The relationships among inclination angle \(\theta\), maximum values of Von Mises equivalent stress and horizontal displacement on h-type anti-sliding piles with \(L = H = 200 {\text{mm}}\) are plotted in Fig. 8a. As shown in Fig. 8a, when anchor depths of front piles equate to ones of back piles, i.e., \(\theta = 0^\circ\), the maximum value of Von Mises equivalent stress in h-type anti-sliding piles is largest. However, when \(\theta = - \;15^\circ\), the maximum value of Von Mises equivalent stress on h-type anti-sliding piles is smallest. Similarly, variation of inclination angle \(\theta\) and maximum value of horizontal displacements in h-type anti-sliding piles are also plotted in Fig. 8a. When \(\theta = 0^\circ\), the horizontal displacement in an h-type anti-sliding pile is largest. However, as shown in Fig. 8a, when \(\theta = - \;15^\circ\), the horizontal displacement in an h-type anti-sliding pile is smallest. Similarly, the maximum values of Von Mises equivalent stress and horizontal displacement on h-type anti-sliding piles with \(L = H = 250 {\text{mm}}\) are depicted in Fig. 8b.
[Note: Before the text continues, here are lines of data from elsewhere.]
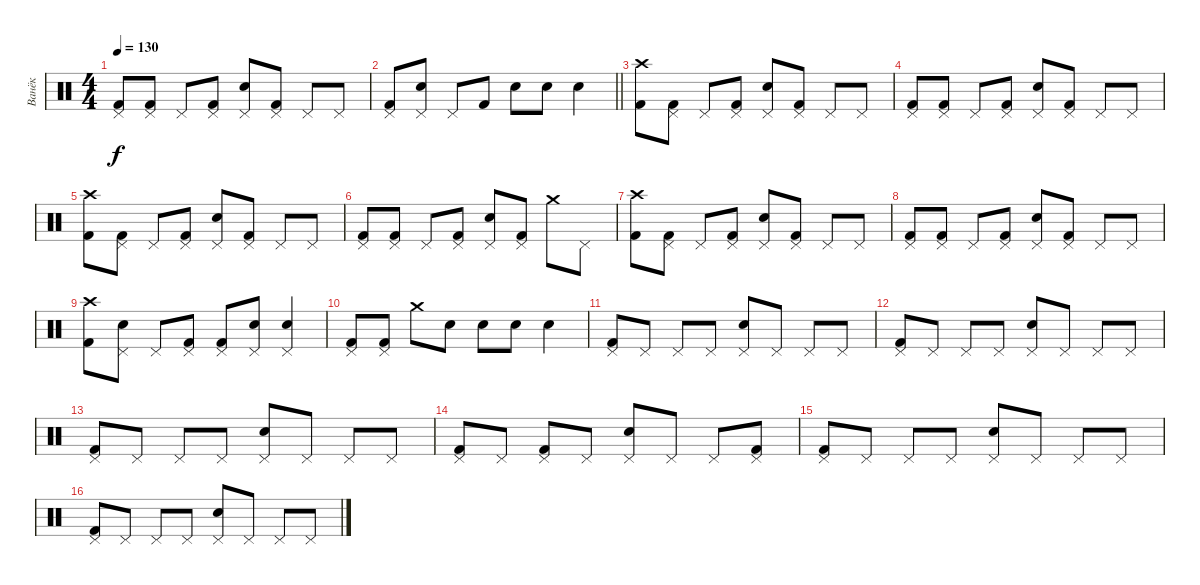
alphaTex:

\track ("Ванёк" "Ванёк") {instrument percussion}
\staff {score}
\articulation defaults
\ts (4 4)
\tempo 130
\clef neutral
\ks c
("Pedal Hi-Hat (hit)" "Kick (hit) 2").8{dy f} ("Pedal Hi-Hat (hit)" "Kick (hit) 2").8 "Pedal Hi-Hat (hit)".8 ("Pedal Hi-Hat (hit)" "Kick (hit) 2").8 ("Pedal Hi-Hat (hit)" "Snare (hit) 2").8 ("Pedal Hi-Hat (hit)" "Kick (hit) 2").8 "Pedal Hi-Hat (hit)".8 "Pedal Hi-Hat (hit)".8 |
\barLineRight lightlight
("Pedal Hi-Hat (hit)" "Kick (hit) 2").8 ("Pedal Hi-Hat (hit)" "Snare (hit) 2").8 "Pedal Hi-Hat (hit)".8 "Kick (hit) 2".8 "Snare (hit) 2".8 "Snare (hit) 2".8 "Snare (hit) 2".4 |
("Crash high (hit)" "Kick (hit) 2").8 ("Pedal Hi-Hat (hit)" "Kick (hit) 2").8 "Pedal Hi-Hat (hit)".8 ("Pedal Hi-Hat (hit)" "Kick (hit) 2").8 ("Pedal Hi-Hat (hit)" "Snare (hit) 2").8 ("Pedal Hi-Hat (hit)" "Kick (hit) 2").8 "Pedal Hi-Hat (hit)".8 "Pedal Hi-Hat (hit)".8 |
("Pedal Hi-Hat (hit)" "Kick (hit) 2").8 ("Pedal Hi-Hat (hit)" "Kick (hit) 2").8 "Pedal Hi-Hat (hit)".8 ("Pedal Hi-Hat (hit)" "Kick (hit) 2").8 ("Pedal Hi-Hat (hit)" "Snare (hit) 2").8 ("Pedal Hi-Hat (hit)" "Kick (hit) 2").8 "Pedal Hi-Hat (hit)".8 "Pedal Hi-Hat (hit)".8 |
("Crash high (hit)" "Kick (hit) 2").8 ("Pedal Hi-Hat (hit)" "Kick (hit) 2").8 "Pedal Hi-Hat (hit)".8 ("Pedal Hi-Hat (hit)" "Kick (hit) 2").8 ("Pedal Hi-Hat (hit)" "Snare (hit) 2").8 ("Pedal Hi-Hat (hit)" "Kick (hit) 2").8 "Pedal Hi-Hat (hit)".8 "Pedal Hi-Hat (hit)".8 |
("Pedal Hi-Hat (hit)" "Kick (hit) 2").8 ("Pedal Hi-Hat (hit)" "Kick (hit) 2").8 "Pedal Hi-Hat (hit)".8 ("Pedal Hi-Hat (hit)" "Kick (hit) 2").8 ("Pedal Hi-Hat (hit)" "Snare (hit) 2").8 ("Pedal Hi-Hat (hit)" "Kick (hit) 2").8 "Crash medium (hit)".8 "Pedal Hi-Hat (hit)".8 |
("Crash high (hit)" "Kick (hit) 2").8 ("Pedal Hi-Hat (hit)" "Kick (hit) 2").8 "Pedal Hi-Hat (hit)".8 ("Pedal Hi-Hat (hit)" "Kick (hit) 2").8 ("Pedal Hi-Hat (hit)" "Snare (hit) 2").8 ("Pedal Hi-Hat (hit)" "Kick (hit) 2").8 "Pedal Hi-Hat (hit)".8 "Pedal Hi-Hat (hit)".8 |
("Pedal Hi-Hat (hit)" "Kick (hit) 2").8 ("Pedal Hi-Hat (hit)" "Kick (hit) 2").8 "Pedal Hi-Hat (hit)".8 ("Pedal Hi-Hat (hit)" "Kick (hit) 2").8 ("Pedal Hi-Hat (hit)" "Snare (hit) 2").8 ("Pedal Hi-Hat (hit)" "Kick (hit) 2").8 "Pedal Hi-Hat (hit)".8 "Pedal Hi-Hat (hit)".8 |
("Crash high (hit)" "Kick (hit) 2").8 ("Pedal Hi-Hat (hit)" "Snare (hit) 2").8 "Pedal Hi-Hat (hit)".8 ("Pedal Hi-Hat (hit)" "Kick (hit) 2").8 ("Pedal Hi-Hat (hit)" "Kick (hit) 2").8 ("Pedal Hi-Hat (hit)" "Snare (hit) 2").8 ("Pedal Hi-Hat (hit)" "Snare (hit) 2").4 |
("Pedal Hi-Hat (hit)" "Kick (hit) 2").8 ("Pedal Hi-Hat (hit)" "Kick (hit) 2").8 "Crash medium (hit)".8 "Snare (hit) 2".8 "Snare (hit) 2".8 "Snare (hit) 2".8 "Snare (hit) 2".4 |
("Pedal Hi-Hat (hit)" "Kick (hit) 2").8 "Pedal Hi-Hat (hit)".8 "Pedal Hi-Hat (hit)".8 "Pedal Hi-Hat (hit)".8 ("Pedal Hi-Hat (hit)" "Snare (hit) 2").8 "Pedal Hi-Hat (hit)".8 "Pedal Hi-Hat (hit)".8 "Pedal Hi-Hat (hit)".8 |
("Pedal Hi-Hat (hit)" "Kick (hit) 2").8 "Pedal Hi-Hat (hit)".8 "Pedal Hi-Hat (hit)".8 "Pedal Hi-Hat (hit)".8 ("Pedal Hi-Hat (hit)" "Snare (hit) 2").8 "Pedal Hi-Hat (hit)".8 "Pedal Hi-Hat (hit)".8 "Pedal Hi-Hat (hit)".8 |
("Pedal Hi-Hat (hit)" "Kick (hit) 2").8 "Pedal Hi-Hat (hit)".8 "Pedal Hi-Hat (hit)".8 "Pedal Hi-Hat (hit)".8 ("Pedal Hi-Hat (hit)" "Snare (hit) 2").8 "Pedal Hi-Hat (hit)".8 "Pedal Hi-Hat (hit)".8 "Pedal Hi-Hat (hit)".8 |
("Pedal Hi-Hat (hit)" "Kick (hit) 2").8 "Pedal Hi-Hat (hit)".8 ("Pedal Hi-Hat (hit)" "Kick (hit) 2").8 "Pedal Hi-Hat (hit)".8 ("Pedal Hi-Hat (hit)" "Snare (hit) 2").8 "Pedal Hi-Hat (hit)".8 "Pedal Hi-Hat (hit)".8 ("Pedal Hi-Hat (hit)" "Kick (hit) 2").8 |
("Pedal Hi-Hat (hit)" "Kick (hit) 2").8 "Pedal Hi-Hat (hit)".8 "Pedal Hi-Hat (hit)".8 "Pedal Hi-Hat (hit)".8 ("Pedal Hi-Hat (hit)" "Snare (hit) 2").8 "Pedal Hi-Hat (hit)".8 "Pedal Hi-Hat (hit)".8 "Pedal Hi-Hat (hit)".8 |
("Pedal Hi-Hat (hit)" "Kick (hit) 2").8 "Pedal Hi-Hat (hit)".8 "Pedal Hi-Hat (hit)".8 "Pedal Hi-Hat (hit)".8 ("Pedal Hi-Hat (hit)" "Snare (hit) 2").8 "Pedal Hi-Hat (hit)".8 "Pedal Hi-Hat (hit)".8 "Pedal Hi-Hat (hit)".8

It can be found from Fig. 8b that as the anchor depths of front piles increase, the horizontal displacement and stress in h-type anti-sliding piles decrease.

Fig. 8

The effect of inclination angle \(\theta\) on the maximum values of horizontal displacement and Von Mises equivalent stress on h-type anti-sliding piles. a \(L = H = 200 {\text{mm}}\) and b \(L = H = 250 {\text{mm}}\) in landslide models

Conclusions

In this paper, the deformation responses and retaining mechanism of h-type anti-sliding piles in landslide models are experimentally and numerically studied. In the experimental studies, four kinds of h-type anti-sliding piles with different anchor depths in landslide models are investigated. The experimental results show that distributions of sliding thrust stresses on the front and back piles of an h-type anti-sliding pile can be considered as trapezoid and triangular shapes, respectively. Whereas, the distributions of resistant stresses on the front and back piles of an h-type anti-sliding pile can be considered as rectangular and triangular shapes, respectively. As the anchor depth of an h-type anti-sliding pile increases, the sliding thrust stresses on piles decrease, but the resistant stresses on the front pile gradually increase.

The experimental examples are firstly simulated using FEM. The present numerical results are in good agreement with the experimental data. Then, effects of sliding surface angles, crossbeam lengths and different anchor depths on the deformation response and retaining mechanism of h-type anti-slide piles in landslide models are numerically studied. It can be found from numerical results that deformation responses and retaining mechanism of h-type anti-sliding piles are not only related to sliding surface angles, but also related to crossbeam length and anchor depths. Finally, based on the experimental and numerical results, some suggestions of designing h-type anti-sliding piles in slopes are proposed as follows.

1. 1.

   Crossbeam length plays a significantly important role in the deformation response and retaining mechanism of h-type anti-sliding piles in landslides. While, the section stiffness of crossbeam in an h-type anti-sliding pile only slightly affects the deformation response and retaining mechanism of h-type anti-sliding piles in landslides.

2. 2.

   When sliding surface angle is small (around \(\alpha = 10^\circ\)), crossbeam length is suggested to be equal to \(8\sim10\) times of pile size.

3. 3.

   When sliding surface angle is large (around \(\alpha = 20^\circ\)), crossbeam length is suggested to be equal to \(4\sim6\) times of pile size.

4. 4.

   The anchor depths of the front piles are suggested to be larger than those of the back piles in some degree, i.e., inclination angle \(\theta\) is around \(- 15^\circ\).